Collected data:
───

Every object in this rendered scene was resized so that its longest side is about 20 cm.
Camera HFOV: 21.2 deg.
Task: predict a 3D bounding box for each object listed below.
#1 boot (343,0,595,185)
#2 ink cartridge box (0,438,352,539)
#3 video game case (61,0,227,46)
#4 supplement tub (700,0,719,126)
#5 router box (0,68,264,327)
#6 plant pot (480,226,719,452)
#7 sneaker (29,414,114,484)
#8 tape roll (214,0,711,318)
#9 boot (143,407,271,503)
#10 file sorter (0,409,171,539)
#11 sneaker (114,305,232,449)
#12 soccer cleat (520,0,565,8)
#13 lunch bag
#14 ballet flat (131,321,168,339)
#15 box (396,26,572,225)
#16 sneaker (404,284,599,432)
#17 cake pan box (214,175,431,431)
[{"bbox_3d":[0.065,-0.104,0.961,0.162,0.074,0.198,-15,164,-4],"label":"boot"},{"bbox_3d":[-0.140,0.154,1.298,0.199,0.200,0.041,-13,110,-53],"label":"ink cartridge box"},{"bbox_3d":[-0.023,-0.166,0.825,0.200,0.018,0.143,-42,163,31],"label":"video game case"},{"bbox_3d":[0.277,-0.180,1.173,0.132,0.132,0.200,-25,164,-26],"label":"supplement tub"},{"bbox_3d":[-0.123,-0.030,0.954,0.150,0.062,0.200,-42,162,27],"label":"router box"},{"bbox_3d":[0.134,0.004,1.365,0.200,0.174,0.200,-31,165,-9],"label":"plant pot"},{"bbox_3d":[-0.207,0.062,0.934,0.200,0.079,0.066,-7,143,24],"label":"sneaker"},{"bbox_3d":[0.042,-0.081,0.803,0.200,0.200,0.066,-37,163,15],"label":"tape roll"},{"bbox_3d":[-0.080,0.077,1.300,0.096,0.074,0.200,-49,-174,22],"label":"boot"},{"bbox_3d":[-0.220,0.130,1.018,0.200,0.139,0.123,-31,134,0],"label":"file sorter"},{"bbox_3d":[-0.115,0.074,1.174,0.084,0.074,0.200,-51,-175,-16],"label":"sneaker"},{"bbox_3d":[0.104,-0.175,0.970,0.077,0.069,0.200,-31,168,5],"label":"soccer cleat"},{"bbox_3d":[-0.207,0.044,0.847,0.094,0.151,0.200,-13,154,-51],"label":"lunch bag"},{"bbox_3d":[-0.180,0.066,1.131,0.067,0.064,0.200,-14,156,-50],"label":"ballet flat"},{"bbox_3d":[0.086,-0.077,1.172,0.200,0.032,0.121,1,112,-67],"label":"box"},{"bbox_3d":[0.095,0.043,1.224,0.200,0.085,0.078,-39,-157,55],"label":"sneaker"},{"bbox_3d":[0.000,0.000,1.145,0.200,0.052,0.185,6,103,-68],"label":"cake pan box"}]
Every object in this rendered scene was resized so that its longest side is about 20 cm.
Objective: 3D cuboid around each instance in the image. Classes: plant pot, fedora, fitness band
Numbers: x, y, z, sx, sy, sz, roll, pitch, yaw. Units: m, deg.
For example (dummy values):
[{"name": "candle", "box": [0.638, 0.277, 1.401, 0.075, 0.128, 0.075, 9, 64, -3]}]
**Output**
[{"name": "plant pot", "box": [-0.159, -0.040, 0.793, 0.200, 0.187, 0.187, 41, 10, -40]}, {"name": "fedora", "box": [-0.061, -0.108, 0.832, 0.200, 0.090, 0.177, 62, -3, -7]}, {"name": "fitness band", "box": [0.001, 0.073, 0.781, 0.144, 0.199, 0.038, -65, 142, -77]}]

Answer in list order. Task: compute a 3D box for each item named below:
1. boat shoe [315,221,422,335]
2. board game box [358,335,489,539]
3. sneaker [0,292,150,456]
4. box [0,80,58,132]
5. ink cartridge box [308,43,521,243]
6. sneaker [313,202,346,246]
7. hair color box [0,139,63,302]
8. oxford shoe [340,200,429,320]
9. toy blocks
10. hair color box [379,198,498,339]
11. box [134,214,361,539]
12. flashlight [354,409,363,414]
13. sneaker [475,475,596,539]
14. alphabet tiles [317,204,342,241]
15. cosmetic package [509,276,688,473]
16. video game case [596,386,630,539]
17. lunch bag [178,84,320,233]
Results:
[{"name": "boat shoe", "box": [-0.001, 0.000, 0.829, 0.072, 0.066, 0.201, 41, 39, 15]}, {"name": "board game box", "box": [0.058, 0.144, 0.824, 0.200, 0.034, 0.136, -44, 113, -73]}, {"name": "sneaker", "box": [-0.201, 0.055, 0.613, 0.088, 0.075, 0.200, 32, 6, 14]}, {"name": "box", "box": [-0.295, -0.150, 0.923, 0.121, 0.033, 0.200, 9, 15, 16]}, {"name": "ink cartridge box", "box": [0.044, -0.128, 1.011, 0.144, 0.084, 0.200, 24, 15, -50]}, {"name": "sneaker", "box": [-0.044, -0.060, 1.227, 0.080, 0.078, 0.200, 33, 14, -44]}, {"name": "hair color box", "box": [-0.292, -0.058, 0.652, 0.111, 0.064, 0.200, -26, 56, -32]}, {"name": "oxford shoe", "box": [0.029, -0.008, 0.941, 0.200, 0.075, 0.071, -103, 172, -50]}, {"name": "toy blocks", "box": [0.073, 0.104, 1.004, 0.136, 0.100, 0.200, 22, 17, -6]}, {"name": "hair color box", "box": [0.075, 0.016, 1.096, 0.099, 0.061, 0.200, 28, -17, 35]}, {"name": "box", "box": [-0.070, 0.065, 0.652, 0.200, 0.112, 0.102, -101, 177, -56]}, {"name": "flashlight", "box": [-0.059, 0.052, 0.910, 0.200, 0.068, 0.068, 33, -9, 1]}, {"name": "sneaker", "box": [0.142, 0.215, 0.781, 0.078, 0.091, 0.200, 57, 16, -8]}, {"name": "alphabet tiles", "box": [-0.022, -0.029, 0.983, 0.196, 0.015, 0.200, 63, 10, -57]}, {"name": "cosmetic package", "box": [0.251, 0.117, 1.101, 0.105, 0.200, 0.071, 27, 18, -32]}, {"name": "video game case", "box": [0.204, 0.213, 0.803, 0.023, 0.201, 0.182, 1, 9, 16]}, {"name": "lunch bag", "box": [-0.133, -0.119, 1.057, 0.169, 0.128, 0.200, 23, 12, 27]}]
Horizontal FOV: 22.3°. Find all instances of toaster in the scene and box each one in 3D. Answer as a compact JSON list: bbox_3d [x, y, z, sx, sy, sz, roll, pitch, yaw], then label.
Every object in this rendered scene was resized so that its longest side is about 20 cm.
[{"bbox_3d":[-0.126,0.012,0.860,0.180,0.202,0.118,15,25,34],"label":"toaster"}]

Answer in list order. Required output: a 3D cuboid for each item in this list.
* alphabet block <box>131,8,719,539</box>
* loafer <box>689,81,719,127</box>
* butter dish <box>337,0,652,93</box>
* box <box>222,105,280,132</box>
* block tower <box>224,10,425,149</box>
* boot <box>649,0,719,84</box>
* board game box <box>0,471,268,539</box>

───

-- TASK OBJECTIVE --
Retype each entry exactly.

-- ANSWER SPACE --
Every object in this rendered scene was resized so that its longest side is about 20 cm.
Camera HFOV: 21.2 deg.
Task: predict a 3D bounding box for each object listed below.
#1 boot (343,0,595,185)
#2 ink cartridge box (0,438,352,539)
#3 video game case (61,0,227,46)
#4 supplement tub (700,0,719,126)
#5 router box (0,68,264,327)
#6 plant pot (480,226,719,452)
#7 sneaker (29,414,114,484)
#8 tape roll (214,0,711,318)
#9 boot (143,407,271,503)
#10 file sorter (0,409,171,539)
#11 sneaker (114,305,232,449)
#12 soccer cleat (520,0,565,8)
#13 lunch bag
#14 ballet flat (131,321,168,339)
#15 box (396,26,572,225)
#16 sneaker (404,284,599,432)
#17 cake pan box (214,175,431,431)
[{"bbox_3d":[0.065,-0.104,0.961,0.162,0.074,0.198,-15,164,-4],"label":"boot"},{"bbox_3d":[-0.140,0.154,1.298,0.199,0.200,0.041,-13,110,-53],"label":"ink cartridge box"},{"bbox_3d":[-0.023,-0.166,0.825,0.200,0.018,0.143,-42,163,31],"label":"video game case"},{"bbox_3d":[0.277,-0.180,1.173,0.132,0.132,0.200,-25,164,-26],"label":"supplement tub"},{"bbox_3d":[-0.123,-0.030,0.954,0.150,0.062,0.200,-42,162,27],"label":"router box"},{"bbox_3d":[0.134,0.004,1.365,0.200,0.174,0.200,-31,165,-9],"label":"plant pot"},{"bbox_3d":[-0.207,0.062,0.934,0.200,0.079,0.066,-7,143,24],"label":"sneaker"},{"bbox_3d":[0.042,-0.081,0.803,0.200,0.200,0.066,-37,163,15],"label":"tape roll"},{"bbox_3d":[-0.080,0.077,1.300,0.096,0.074,0.200,-49,-174,22],"label":"boot"},{"bbox_3d":[-0.220,0.130,1.018,0.200,0.139,0.123,-31,134,0],"label":"file sorter"},{"bbox_3d":[-0.115,0.074,1.174,0.084,0.074,0.200,-51,-175,-16],"label":"sneaker"},{"bbox_3d":[0.104,-0.175,0.970,0.077,0.069,0.200,-31,168,5],"label":"soccer cleat"},{"bbox_3d":[-0.207,0.044,0.847,0.094,0.151,0.200,-13,154,-51],"label":"lunch bag"},{"bbox_3d":[-0.180,0.066,1.131,0.067,0.064,0.200,-14,156,-50],"label":"ballet flat"},{"bbox_3d":[0.086,-0.077,1.172,0.200,0.032,0.121,1,112,-67],"label":"box"},{"bbox_3d":[0.095,0.043,1.224,0.200,0.085,0.078,-39,-157,55],"label":"sneaker"},{"bbox_3d":[0.000,0.000,1.145,0.200,0.052,0.185,6,103,-68],"label":"cake pan box"}]
Every object in this rendered scene was resized so that its longest side is about 20 cm.
Objective: 3D cuboid around each instance in the image. Classes: plant pot, fedora, fitness band
Numbers: x, y, z, sx, sy, sz, roll, pitch, yaw. Units: m, deg.
For example (dummy values):
[{"name": "candle", "box": [0.638, 0.277, 1.401, 0.075, 0.128, 0.075, 9, 64, -3]}]
**Output**
[{"name": "plant pot", "box": [-0.159, -0.040, 0.793, 0.200, 0.187, 0.187, 41, 10, -40]}, {"name": "fedora", "box": [-0.061, -0.108, 0.832, 0.200, 0.090, 0.177, 62, -3, -7]}, {"name": "fitness band", "box": [0.001, 0.073, 0.781, 0.144, 0.199, 0.038, -65, 142, -77]}]

Answer in list order. Task: compute a 3D box for each item named below:
1. boat shoe [315,221,422,335]
2. board game box [358,335,489,539]
3. sneaker [0,292,150,456]
4. box [0,80,58,132]
5. ink cartridge box [308,43,521,243]
6. sneaker [313,202,346,246]
7. hair color box [0,139,63,302]
8. oxford shoe [340,200,429,320]
9. toy blocks
10. hair color box [379,198,498,339]
11. box [134,214,361,539]
12. flashlight [354,409,363,414]
13. sneaker [475,475,596,539]
14. alphabet tiles [317,204,342,241]
15. cosmetic package [509,276,688,473]
16. video game case [596,386,630,539]
17. lunch bag [178,84,320,233]
Results:
[{"name": "boat shoe", "box": [-0.001, 0.000, 0.829, 0.072, 0.066, 0.201, 41, 39, 15]}, {"name": "board game box", "box": [0.058, 0.144, 0.824, 0.200, 0.034, 0.136, -44, 113, -73]}, {"name": "sneaker", "box": [-0.201, 0.055, 0.613, 0.088, 0.075, 0.200, 32, 6, 14]}, {"name": "box", "box": [-0.295, -0.150, 0.923, 0.121, 0.033, 0.200, 9, 15, 16]}, {"name": "ink cartridge box", "box": [0.044, -0.128, 1.011, 0.144, 0.084, 0.200, 24, 15, -50]}, {"name": "sneaker", "box": [-0.044, -0.060, 1.227, 0.080, 0.078, 0.200, 33, 14, -44]}, {"name": "hair color box", "box": [-0.292, -0.058, 0.652, 0.111, 0.064, 0.200, -26, 56, -32]}, {"name": "oxford shoe", "box": [0.029, -0.008, 0.941, 0.200, 0.075, 0.071, -103, 172, -50]}, {"name": "toy blocks", "box": [0.073, 0.104, 1.004, 0.136, 0.100, 0.200, 22, 17, -6]}, {"name": "hair color box", "box": [0.075, 0.016, 1.096, 0.099, 0.061, 0.200, 28, -17, 35]}, {"name": "box", "box": [-0.070, 0.065, 0.652, 0.200, 0.112, 0.102, -101, 177, -56]}, {"name": "flashlight", "box": [-0.059, 0.052, 0.910, 0.200, 0.068, 0.068, 33, -9, 1]}, {"name": "sneaker", "box": [0.142, 0.215, 0.781, 0.078, 0.091, 0.200, 57, 16, -8]}, {"name": "alphabet tiles", "box": [-0.022, -0.029, 0.983, 0.196, 0.015, 0.200, 63, 10, -57]}, {"name": "cosmetic package", "box": [0.251, 0.117, 1.101, 0.105, 0.200, 0.071, 27, 18, -32]}, {"name": "video game case", "box": [0.204, 0.213, 0.803, 0.023, 0.201, 0.182, 1, 9, 16]}, {"name": "lunch bag", "box": [-0.133, -0.119, 1.057, 0.169, 0.128, 0.200, 23, 12, 27]}]
Horizontal FOV: 22.3°. Find all instances of toaster in the scene and box each one in 3D. Answer as a compact JSON list: bbox_3d [x, y, z, sx, sy, sz, roll, pitch, yaw], then label.
Every object in this rendered scene was resized so that its longest side is about 20 cm.
[{"bbox_3d":[-0.126,0.012,0.860,0.180,0.202,0.118,15,25,34],"label":"toaster"}]

Answer in list order. Required output: a 3D cuboid for each item in this list.
* alphabet block <box>131,8,719,539</box>
* loafer <box>689,81,719,127</box>
* butter dish <box>337,0,652,93</box>
* box <box>222,105,280,132</box>
* block tower <box>224,10,425,149</box>
* boot <box>649,0,719,84</box>
* board game box <box>0,471,268,539</box>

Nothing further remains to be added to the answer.